▶ ASSIGNMENT
Extract all of the entries and give them again, word for word.

Stored items

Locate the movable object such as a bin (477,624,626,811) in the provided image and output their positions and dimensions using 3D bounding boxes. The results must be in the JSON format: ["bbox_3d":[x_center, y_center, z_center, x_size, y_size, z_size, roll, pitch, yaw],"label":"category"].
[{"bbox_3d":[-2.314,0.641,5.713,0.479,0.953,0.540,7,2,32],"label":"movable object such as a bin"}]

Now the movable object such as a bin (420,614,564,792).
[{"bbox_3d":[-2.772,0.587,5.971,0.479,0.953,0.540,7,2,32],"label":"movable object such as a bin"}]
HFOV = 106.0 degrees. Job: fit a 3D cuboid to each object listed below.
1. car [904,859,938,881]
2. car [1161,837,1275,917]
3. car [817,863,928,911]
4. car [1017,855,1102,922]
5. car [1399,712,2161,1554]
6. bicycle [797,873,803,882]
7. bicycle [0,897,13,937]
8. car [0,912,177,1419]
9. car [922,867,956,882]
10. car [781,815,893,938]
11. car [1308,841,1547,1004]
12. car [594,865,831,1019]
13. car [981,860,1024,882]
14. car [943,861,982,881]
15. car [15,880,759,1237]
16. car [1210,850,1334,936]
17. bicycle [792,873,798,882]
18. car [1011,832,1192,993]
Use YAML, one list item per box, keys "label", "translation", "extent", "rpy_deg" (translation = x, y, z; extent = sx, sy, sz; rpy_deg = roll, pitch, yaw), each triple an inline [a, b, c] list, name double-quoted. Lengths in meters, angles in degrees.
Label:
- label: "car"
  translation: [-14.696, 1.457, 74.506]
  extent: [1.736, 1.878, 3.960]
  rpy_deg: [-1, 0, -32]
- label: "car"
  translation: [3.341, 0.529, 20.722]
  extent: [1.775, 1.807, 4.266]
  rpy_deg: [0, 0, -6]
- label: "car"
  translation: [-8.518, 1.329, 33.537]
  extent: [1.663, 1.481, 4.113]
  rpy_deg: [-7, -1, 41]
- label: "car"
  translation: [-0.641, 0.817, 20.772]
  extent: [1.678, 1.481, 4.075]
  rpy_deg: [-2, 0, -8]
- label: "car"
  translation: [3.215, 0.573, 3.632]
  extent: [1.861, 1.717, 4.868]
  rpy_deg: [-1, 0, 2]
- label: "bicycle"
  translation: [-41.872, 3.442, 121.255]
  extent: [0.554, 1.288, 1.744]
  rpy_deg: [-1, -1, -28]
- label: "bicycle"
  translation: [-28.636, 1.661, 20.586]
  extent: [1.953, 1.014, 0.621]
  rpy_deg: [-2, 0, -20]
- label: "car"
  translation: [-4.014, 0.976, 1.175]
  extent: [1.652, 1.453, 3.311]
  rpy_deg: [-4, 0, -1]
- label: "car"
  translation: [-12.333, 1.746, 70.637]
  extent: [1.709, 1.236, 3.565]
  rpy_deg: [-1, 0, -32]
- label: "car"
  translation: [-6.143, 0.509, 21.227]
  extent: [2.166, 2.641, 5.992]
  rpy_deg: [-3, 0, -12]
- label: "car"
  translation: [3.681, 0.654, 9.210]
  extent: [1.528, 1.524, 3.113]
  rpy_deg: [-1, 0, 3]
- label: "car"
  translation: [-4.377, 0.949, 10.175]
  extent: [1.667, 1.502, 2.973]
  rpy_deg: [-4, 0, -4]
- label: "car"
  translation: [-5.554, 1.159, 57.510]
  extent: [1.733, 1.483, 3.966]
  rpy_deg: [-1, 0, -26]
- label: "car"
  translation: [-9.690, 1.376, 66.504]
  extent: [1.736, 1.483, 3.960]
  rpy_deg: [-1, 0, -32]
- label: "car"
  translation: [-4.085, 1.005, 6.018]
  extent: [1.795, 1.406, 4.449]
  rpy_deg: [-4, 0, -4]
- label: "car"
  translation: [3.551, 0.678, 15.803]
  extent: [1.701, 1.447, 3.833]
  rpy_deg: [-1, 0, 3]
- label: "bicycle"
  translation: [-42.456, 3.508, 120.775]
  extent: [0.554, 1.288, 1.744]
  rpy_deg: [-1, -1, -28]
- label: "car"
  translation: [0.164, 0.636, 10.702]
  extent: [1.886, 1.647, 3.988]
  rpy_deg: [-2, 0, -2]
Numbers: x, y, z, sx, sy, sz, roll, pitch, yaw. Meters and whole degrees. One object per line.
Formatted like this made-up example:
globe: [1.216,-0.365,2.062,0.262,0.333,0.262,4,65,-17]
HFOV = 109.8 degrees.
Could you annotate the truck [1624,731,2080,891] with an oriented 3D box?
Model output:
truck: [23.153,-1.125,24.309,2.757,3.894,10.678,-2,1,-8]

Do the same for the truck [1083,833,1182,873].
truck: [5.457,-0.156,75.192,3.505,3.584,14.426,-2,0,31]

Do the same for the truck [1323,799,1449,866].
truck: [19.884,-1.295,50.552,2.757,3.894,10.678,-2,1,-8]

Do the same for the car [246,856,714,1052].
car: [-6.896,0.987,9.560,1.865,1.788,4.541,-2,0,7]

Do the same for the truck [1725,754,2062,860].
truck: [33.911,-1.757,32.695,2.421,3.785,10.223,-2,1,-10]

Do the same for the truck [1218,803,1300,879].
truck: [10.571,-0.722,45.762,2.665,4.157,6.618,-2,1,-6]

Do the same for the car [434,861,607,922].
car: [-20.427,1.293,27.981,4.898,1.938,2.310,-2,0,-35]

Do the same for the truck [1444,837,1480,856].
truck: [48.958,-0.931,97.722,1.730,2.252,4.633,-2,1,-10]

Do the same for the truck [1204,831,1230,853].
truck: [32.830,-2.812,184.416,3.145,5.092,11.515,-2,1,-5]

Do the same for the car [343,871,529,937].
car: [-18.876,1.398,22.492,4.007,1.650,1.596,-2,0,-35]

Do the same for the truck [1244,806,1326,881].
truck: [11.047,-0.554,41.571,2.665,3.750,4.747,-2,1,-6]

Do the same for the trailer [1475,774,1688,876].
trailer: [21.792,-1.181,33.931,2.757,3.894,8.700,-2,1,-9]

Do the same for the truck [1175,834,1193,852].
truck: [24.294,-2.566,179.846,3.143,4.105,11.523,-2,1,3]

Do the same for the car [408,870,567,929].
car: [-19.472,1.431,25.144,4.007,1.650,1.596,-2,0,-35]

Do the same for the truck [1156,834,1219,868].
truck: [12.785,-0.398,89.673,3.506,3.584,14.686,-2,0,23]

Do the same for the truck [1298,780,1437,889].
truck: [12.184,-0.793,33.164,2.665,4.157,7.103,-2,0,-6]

▶ EXERCISE RESPONSE
Locate the movable object such as a bin (477,624,626,811) in the provided image and output their positions and dimensions using 3D bounding boxes. The results must be in the JSON format: ["bbox_3d":[x_center, y_center, z_center, x_size, y_size, z_size, roll, pitch, yaw],"label":"category"].
[{"bbox_3d":[-2.314,0.641,5.713,0.479,0.953,0.540,7,2,32],"label":"movable object such as a bin"}]

Now the movable object such as a bin (420,614,564,792).
[{"bbox_3d":[-2.772,0.587,5.971,0.479,0.953,0.540,7,2,32],"label":"movable object such as a bin"}]
HFOV = 106.0 degrees. Job: fit a 3D cuboid to each object listed below.
1. car [904,859,938,881]
2. car [1161,837,1275,917]
3. car [817,863,928,911]
4. car [1017,855,1102,922]
5. car [1399,712,2161,1554]
6. bicycle [797,873,803,882]
7. bicycle [0,897,13,937]
8. car [0,912,177,1419]
9. car [922,867,956,882]
10. car [781,815,893,938]
11. car [1308,841,1547,1004]
12. car [594,865,831,1019]
13. car [981,860,1024,882]
14. car [943,861,982,881]
15. car [15,880,759,1237]
16. car [1210,850,1334,936]
17. bicycle [792,873,798,882]
18. car [1011,832,1192,993]
Use YAML, one list item per box, keys "label", "translation", "extent", "rpy_deg" (translation = x, y, z; extent = sx, sy, sz; rpy_deg = roll, pitch, yaw), each triple an inline [a, b, c] list, name double-quoted. Lengths in meters, angles in degrees.
Label:
- label: "car"
  translation: [-14.696, 1.457, 74.506]
  extent: [1.736, 1.878, 3.960]
  rpy_deg: [-1, 0, -32]
- label: "car"
  translation: [3.341, 0.529, 20.722]
  extent: [1.775, 1.807, 4.266]
  rpy_deg: [0, 0, -6]
- label: "car"
  translation: [-8.518, 1.329, 33.537]
  extent: [1.663, 1.481, 4.113]
  rpy_deg: [-7, -1, 41]
- label: "car"
  translation: [-0.641, 0.817, 20.772]
  extent: [1.678, 1.481, 4.075]
  rpy_deg: [-2, 0, -8]
- label: "car"
  translation: [3.215, 0.573, 3.632]
  extent: [1.861, 1.717, 4.868]
  rpy_deg: [-1, 0, 2]
- label: "bicycle"
  translation: [-41.872, 3.442, 121.255]
  extent: [0.554, 1.288, 1.744]
  rpy_deg: [-1, -1, -28]
- label: "bicycle"
  translation: [-28.636, 1.661, 20.586]
  extent: [1.953, 1.014, 0.621]
  rpy_deg: [-2, 0, -20]
- label: "car"
  translation: [-4.014, 0.976, 1.175]
  extent: [1.652, 1.453, 3.311]
  rpy_deg: [-4, 0, -1]
- label: "car"
  translation: [-12.333, 1.746, 70.637]
  extent: [1.709, 1.236, 3.565]
  rpy_deg: [-1, 0, -32]
- label: "car"
  translation: [-6.143, 0.509, 21.227]
  extent: [2.166, 2.641, 5.992]
  rpy_deg: [-3, 0, -12]
- label: "car"
  translation: [3.681, 0.654, 9.210]
  extent: [1.528, 1.524, 3.113]
  rpy_deg: [-1, 0, 3]
- label: "car"
  translation: [-4.377, 0.949, 10.175]
  extent: [1.667, 1.502, 2.973]
  rpy_deg: [-4, 0, -4]
- label: "car"
  translation: [-5.554, 1.159, 57.510]
  extent: [1.733, 1.483, 3.966]
  rpy_deg: [-1, 0, -26]
- label: "car"
  translation: [-9.690, 1.376, 66.504]
  extent: [1.736, 1.483, 3.960]
  rpy_deg: [-1, 0, -32]
- label: "car"
  translation: [-4.085, 1.005, 6.018]
  extent: [1.795, 1.406, 4.449]
  rpy_deg: [-4, 0, -4]
- label: "car"
  translation: [3.551, 0.678, 15.803]
  extent: [1.701, 1.447, 3.833]
  rpy_deg: [-1, 0, 3]
- label: "bicycle"
  translation: [-42.456, 3.508, 120.775]
  extent: [0.554, 1.288, 1.744]
  rpy_deg: [-1, -1, -28]
- label: "car"
  translation: [0.164, 0.636, 10.702]
  extent: [1.886, 1.647, 3.988]
  rpy_deg: [-2, 0, -2]
Numbers: x, y, z, sx, sy, sz, roll, pitch, yaw. Meters and whole degrees. One object per line.
Formatted like this made-up example:
globe: [1.216,-0.365,2.062,0.262,0.333,0.262,4,65,-17]
HFOV = 109.8 degrees.
Could you annotate the truck [1624,731,2080,891] with an oriented 3D box?
Model output:
truck: [23.153,-1.125,24.309,2.757,3.894,10.678,-2,1,-8]

Do the same for the truck [1083,833,1182,873].
truck: [5.457,-0.156,75.192,3.505,3.584,14.426,-2,0,31]

Do the same for the truck [1323,799,1449,866].
truck: [19.884,-1.295,50.552,2.757,3.894,10.678,-2,1,-8]

Do the same for the car [246,856,714,1052].
car: [-6.896,0.987,9.560,1.865,1.788,4.541,-2,0,7]

Do the same for the truck [1725,754,2062,860].
truck: [33.911,-1.757,32.695,2.421,3.785,10.223,-2,1,-10]

Do the same for the truck [1218,803,1300,879].
truck: [10.571,-0.722,45.762,2.665,4.157,6.618,-2,1,-6]

Do the same for the car [434,861,607,922].
car: [-20.427,1.293,27.981,4.898,1.938,2.310,-2,0,-35]

Do the same for the truck [1444,837,1480,856].
truck: [48.958,-0.931,97.722,1.730,2.252,4.633,-2,1,-10]

Do the same for the truck [1204,831,1230,853].
truck: [32.830,-2.812,184.416,3.145,5.092,11.515,-2,1,-5]

Do the same for the car [343,871,529,937].
car: [-18.876,1.398,22.492,4.007,1.650,1.596,-2,0,-35]

Do the same for the truck [1244,806,1326,881].
truck: [11.047,-0.554,41.571,2.665,3.750,4.747,-2,1,-6]

Do the same for the trailer [1475,774,1688,876].
trailer: [21.792,-1.181,33.931,2.757,3.894,8.700,-2,1,-9]

Do the same for the truck [1175,834,1193,852].
truck: [24.294,-2.566,179.846,3.143,4.105,11.523,-2,1,3]

Do the same for the car [408,870,567,929].
car: [-19.472,1.431,25.144,4.007,1.650,1.596,-2,0,-35]

Do the same for the truck [1156,834,1219,868].
truck: [12.785,-0.398,89.673,3.506,3.584,14.686,-2,0,23]

Do the same for the truck [1298,780,1437,889].
truck: [12.184,-0.793,33.164,2.665,4.157,7.103,-2,0,-6]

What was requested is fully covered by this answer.